Use this when a document can leave and later return to the same workflow. For
ordered workflow values `w1, w1, w1, w2, w2, w1, w1, w1`, the visit counter is
`1, 1, 1, 1, 1, 2, 2, 2`: the second `w1` run is visit 2 for `w1`, while the
first `w2` run remains visit 1 for `w2`.

## Recipe: Replace one source slice in a DuckDB table

```python
from data_engine.helpers.duckdb import ensure_index
from data_engine.helpers.duckdb import replace_rows_by_file


def load_current_source(context):
    db_path = context.database("warehouse.duckdb")
    updated = replace_rows_by_file(
        db_path,
        "canon.docs",
        df=context.current,
        file_hash=context.metadata["file_hash"],
    )
    ensure_index(db_path, "canon.docs", columns="file_key")
    return updated
```

Use this for incremental folder ingestion where each run replaces the rows for
one source file while leaving the rest of the table intact.
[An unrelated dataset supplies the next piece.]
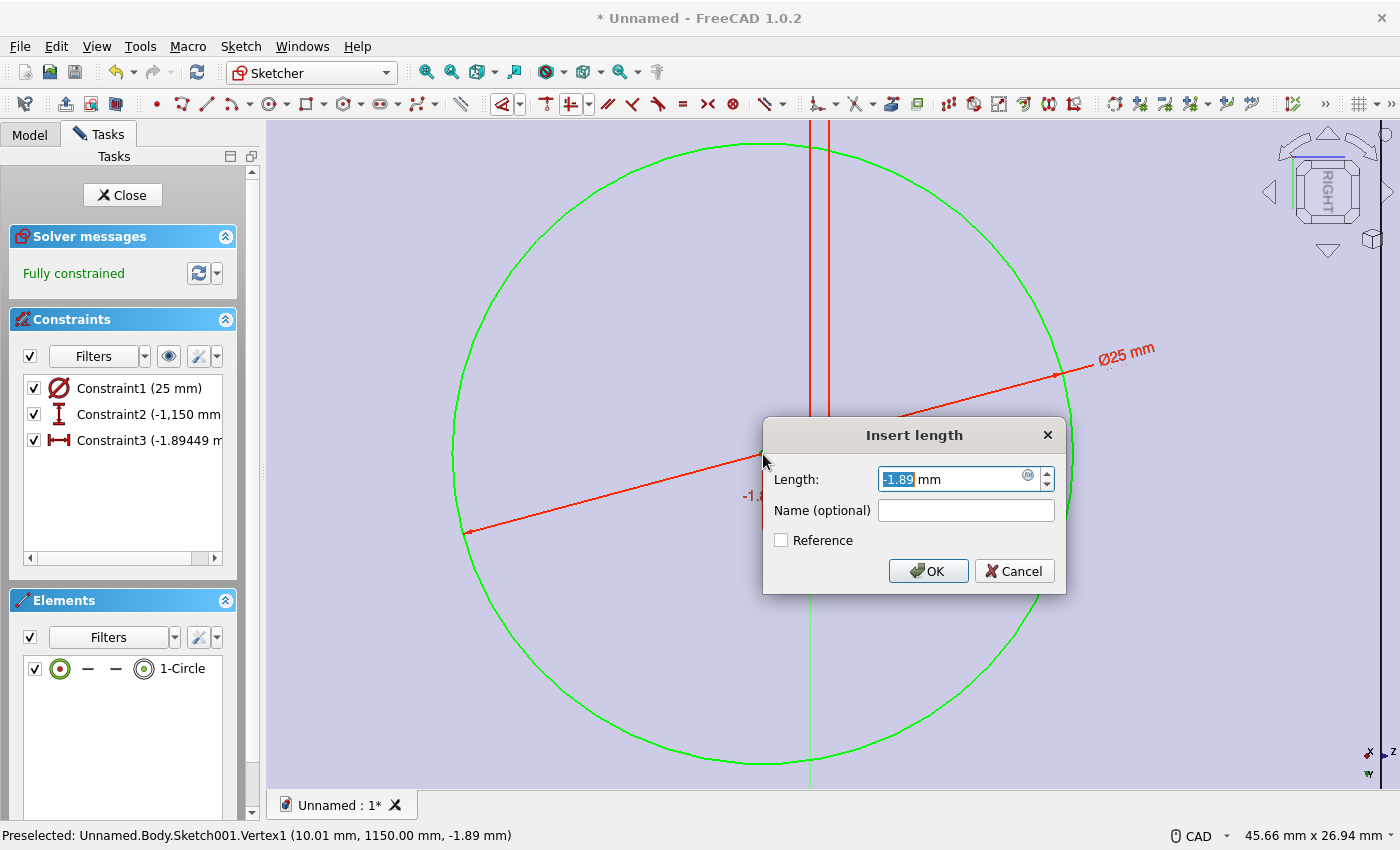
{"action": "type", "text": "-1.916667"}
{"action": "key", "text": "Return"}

See
[DuckDB Helpers](duckdb-helpers.md) for the broader helper family.

## Recipe: Write several outputs for one source

```python
def write_outputs(context):
    open_path = context.mirror.namespaced_file("open_docs.parquet")
    closed_path = context.mirror.namespaced_file("closed_docs.parquet")
    context.current.filter(pl.col("status") == "OPEN").write_parquet(open_path)
    context.current.filter(pl.col("status") == "CLOSED").write_parquet(closed_path)
    return open_path
```

Use `namespaced_file(...)` when one source item naturally produces several derived outputs.